## PROVIDED DATA
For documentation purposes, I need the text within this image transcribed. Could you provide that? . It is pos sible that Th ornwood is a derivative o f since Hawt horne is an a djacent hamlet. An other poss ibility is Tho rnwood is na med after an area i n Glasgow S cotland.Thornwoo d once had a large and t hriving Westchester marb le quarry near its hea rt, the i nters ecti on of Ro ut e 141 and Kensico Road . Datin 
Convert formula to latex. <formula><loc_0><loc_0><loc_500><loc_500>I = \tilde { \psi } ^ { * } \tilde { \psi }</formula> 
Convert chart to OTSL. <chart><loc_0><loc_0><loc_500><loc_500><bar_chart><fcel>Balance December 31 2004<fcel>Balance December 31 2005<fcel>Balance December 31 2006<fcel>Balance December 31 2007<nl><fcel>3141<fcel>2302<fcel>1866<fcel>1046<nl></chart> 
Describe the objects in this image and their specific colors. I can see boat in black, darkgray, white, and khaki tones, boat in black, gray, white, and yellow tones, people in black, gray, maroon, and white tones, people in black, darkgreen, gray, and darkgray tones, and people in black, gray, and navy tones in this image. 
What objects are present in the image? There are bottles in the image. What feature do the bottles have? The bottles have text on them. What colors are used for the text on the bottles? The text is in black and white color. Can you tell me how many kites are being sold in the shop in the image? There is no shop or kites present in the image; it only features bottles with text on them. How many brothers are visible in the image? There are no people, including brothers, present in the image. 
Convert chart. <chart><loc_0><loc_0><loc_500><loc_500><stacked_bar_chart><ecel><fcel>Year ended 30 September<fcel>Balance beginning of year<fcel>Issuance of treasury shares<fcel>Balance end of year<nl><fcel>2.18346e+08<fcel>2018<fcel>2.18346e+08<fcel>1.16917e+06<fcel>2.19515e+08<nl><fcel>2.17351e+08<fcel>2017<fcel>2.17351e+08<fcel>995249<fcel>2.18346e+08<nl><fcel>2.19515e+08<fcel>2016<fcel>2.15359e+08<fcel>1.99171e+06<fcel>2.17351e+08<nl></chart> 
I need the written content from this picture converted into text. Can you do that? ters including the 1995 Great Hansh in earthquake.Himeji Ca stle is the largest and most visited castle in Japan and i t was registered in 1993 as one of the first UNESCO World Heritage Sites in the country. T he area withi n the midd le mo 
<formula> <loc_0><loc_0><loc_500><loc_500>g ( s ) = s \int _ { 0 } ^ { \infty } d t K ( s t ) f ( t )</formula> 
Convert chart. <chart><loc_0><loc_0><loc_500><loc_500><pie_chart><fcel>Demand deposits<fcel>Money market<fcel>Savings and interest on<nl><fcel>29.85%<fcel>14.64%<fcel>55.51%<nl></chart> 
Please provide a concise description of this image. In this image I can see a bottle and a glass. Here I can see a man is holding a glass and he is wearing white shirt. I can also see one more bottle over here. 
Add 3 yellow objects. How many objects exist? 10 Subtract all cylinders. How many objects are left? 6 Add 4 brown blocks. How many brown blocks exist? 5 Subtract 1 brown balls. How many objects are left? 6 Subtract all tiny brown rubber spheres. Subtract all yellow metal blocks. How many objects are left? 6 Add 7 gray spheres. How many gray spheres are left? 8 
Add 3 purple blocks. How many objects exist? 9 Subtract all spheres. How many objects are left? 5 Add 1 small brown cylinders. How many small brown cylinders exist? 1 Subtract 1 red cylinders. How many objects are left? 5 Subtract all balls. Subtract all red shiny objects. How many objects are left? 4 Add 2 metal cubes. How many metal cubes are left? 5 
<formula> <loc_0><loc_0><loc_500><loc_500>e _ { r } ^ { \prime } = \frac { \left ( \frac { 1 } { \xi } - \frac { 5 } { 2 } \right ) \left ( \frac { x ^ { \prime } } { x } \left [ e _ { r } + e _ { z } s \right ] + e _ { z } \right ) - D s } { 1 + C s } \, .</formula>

## WORK ITEM
In the records above, find the line with "Convert formula to"; write out exactly that line and each one after it, stopping after the line with "<formula> <loc_0><loc_0><loc_500><loc_500>g ( s".

## RESPONSE AREA
Convert formula to latex. <formula><loc_0><loc_0><loc_500><loc_500>I = \tilde { \psi } ^ { * } \tilde { \psi }</formula> 
Convert chart to OTSL. <chart><loc_0><loc_0><loc_500><loc_500><bar_chart><fcel>Balance December 31 2004<fcel>Balance December 31 2005<fcel>Balance December 31 2006<fcel>Balance December 31 2007<nl><fcel>3141<fcel>2302<fcel>1866<fcel>1046<nl></chart> 
Describe the objects in this image and their specific colors. I can see boat in black, darkgray, white, and khaki tones, boat in black, gray, white, and yellow tones, people in black, gray, maroon, and white tones, people in black, darkgreen, gray, and darkgray tones, and people in black, gray, and navy tones in this image. 
What objects are present in the image? There are bottles in the image. What feature do the bottles have? The bottles have text on them. What colors are used for the text on the bottles? The text is in black and white color. Can you tell me how many kites are being sold in the shop in the image? There is no shop or kites present in the image; it only features bottles with text on them. How many brothers are visible in the image? There are no people, including brothers, present in the image. 
Convert chart. <chart><loc_0><loc_0><loc_500><loc_500><stacked_bar_chart><ecel><fcel>Year ended 30 September<fcel>Balance beginning of year<fcel>Issuance of treasury shares<fcel>Balance end of year<nl><fcel>2.18346e+08<fcel>2018<fcel>2.18346e+08<fcel>1.16917e+06<fcel>2.19515e+08<nl><fcel>2.17351e+08<fcel>2017<fcel>2.17351e+08<fcel>995249<fcel>2.18346e+08<nl><fcel>2.19515e+08<fcel>2016<fcel>2.15359e+08<fcel>1.99171e+06<fcel>2.17351e+08<nl></chart> 
I need the written content from this picture converted into text. Can you do that? ters including the 1995 Great Hansh in earthquake.Himeji Ca stle is the largest and most visited castle in Japan and i t was registered in 1993 as one of the first UNESCO World Heritage Sites in the country. T he area withi n the midd le mo 
<formula> <loc_0><loc_0><loc_500><loc_500>g ( s ) = s \int _ { 0 } ^ { \infty } d t K ( s t ) f ( t )</formula> 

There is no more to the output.